• _AVAILABLE RECORDS_
════════

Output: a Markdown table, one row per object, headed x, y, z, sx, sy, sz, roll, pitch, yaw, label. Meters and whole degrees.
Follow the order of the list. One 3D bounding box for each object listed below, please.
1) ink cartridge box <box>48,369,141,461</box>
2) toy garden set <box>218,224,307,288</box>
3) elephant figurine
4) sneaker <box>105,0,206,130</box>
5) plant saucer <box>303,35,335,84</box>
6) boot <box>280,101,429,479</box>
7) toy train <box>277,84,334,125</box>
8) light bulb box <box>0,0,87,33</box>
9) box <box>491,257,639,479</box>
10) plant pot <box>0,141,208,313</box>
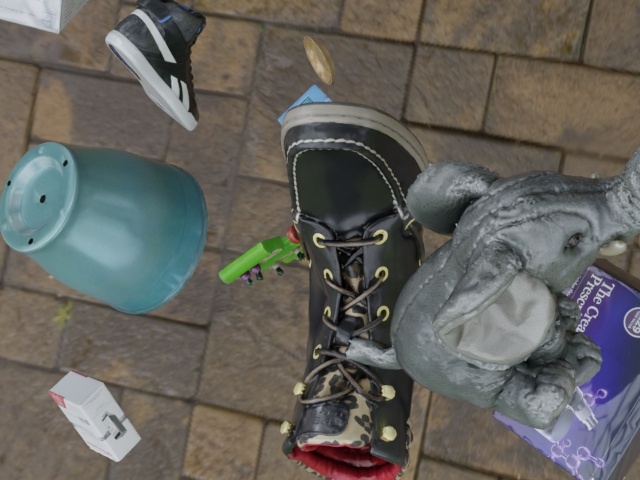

════════

• _YOUR OBJECTIVE_
Scan the material above for the word "plant". Copy each line where it occurs.

• _THE ANSWER_
5) plant saucer <box>303,35,335,84</box>
10) plant pot <box>0,141,208,313</box>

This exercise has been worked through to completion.